Ah! Eu tenho um tanto. Eu tenho uns diplomas que eles me dão não sei pra quê. Tenho um punhado na área de inclusão, dessas síndromes, de problemas de fala, problemas de escrita. Eu vou entrando. Tenho um tanto assim. Eu fui pra Escola da Vida e vou agora de novo. Às vezes, tem em Belo Horizonte. Teve. Geralmente, final de férias tem. Tem muita coisa interessante e eu vou. Esses, aqui, que a Secretaria de Educação oferece, faço. (M., 60 anos)

Entende-se, assim, que a participação das entrevistadas em cursos de formação continuada não apresenta um caráter meramente burocrático, devido a uma normatização prevista no Plano de Carreira da categoria. Ao contrário, os cursos de formação continuada são buscados para conhecer novas metodologias e novos recursos pedagógicos, para atualização, para tornar as aulas mais atrativas e para atuar de forma mais segura.

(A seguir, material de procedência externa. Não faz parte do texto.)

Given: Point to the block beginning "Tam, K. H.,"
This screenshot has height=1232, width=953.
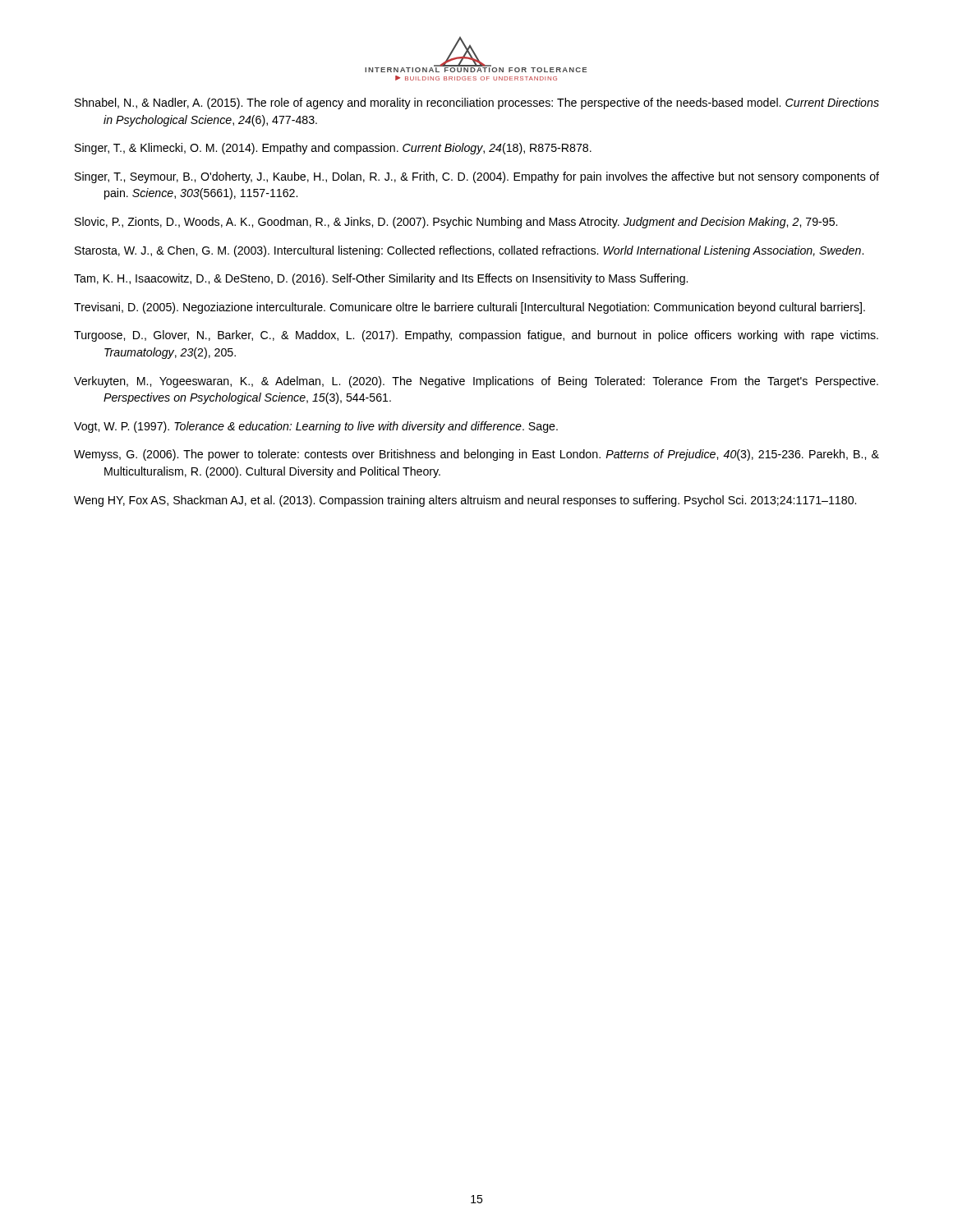Looking at the screenshot, I should [381, 279].

É importante [a formação continuada] porque a clientela, por exemplo, no caso de um professor, a clientela, ela é... é... sempre... se renova a cada época, a cada época. Então, as maneiras de ensinar elas vão... elas vão surgindo, né? Coisas muito interessantes, maneiras... novas metodologias, novos... novos materiais. Todos os aspectos, vamos dizer assim, do lado de ensino-aprendizagem, que se renova a cada época. Então, o professor tem que tá buscando isso aí, né? Correndo atrás dessas novas maneiras pra que possa se renovar e não ficar aquele professor desatualizado. (M., 45 anos)

É bom pra gente poder... Como é que se diz? Se reciclar, né? Não sei se hoje em dia a palavra reciclar, né? Mas, assim, pra te dar embasamento mesmo, né? E outra coisa, porque tem que tornar uma... a aula mais atrativa hoje em dia. (C., 37 anos) A formação. É claro que contribui, porque ela vai te dando... Que tudo é a segurança, né? Claro que contribui, porque a formação é que vai te dar a segurança. Se você não tem formação, você entra numa sala de aula... Você tá ali totalmente

insegura e criança é um bichinho muito perspicaz. Eles percebem rapidinho que você não domina nada. (M., 49 anos)

Ao discorrerem sobre a trajetória de formação acadêmica para atuar no Ensino Fundamental, as participantes deixam evidente que o processo de aprendizagem para atuar neste segmento é processual e que a formação inicial é apenas a primeira etapa para um desenvolvimento profissional permanente.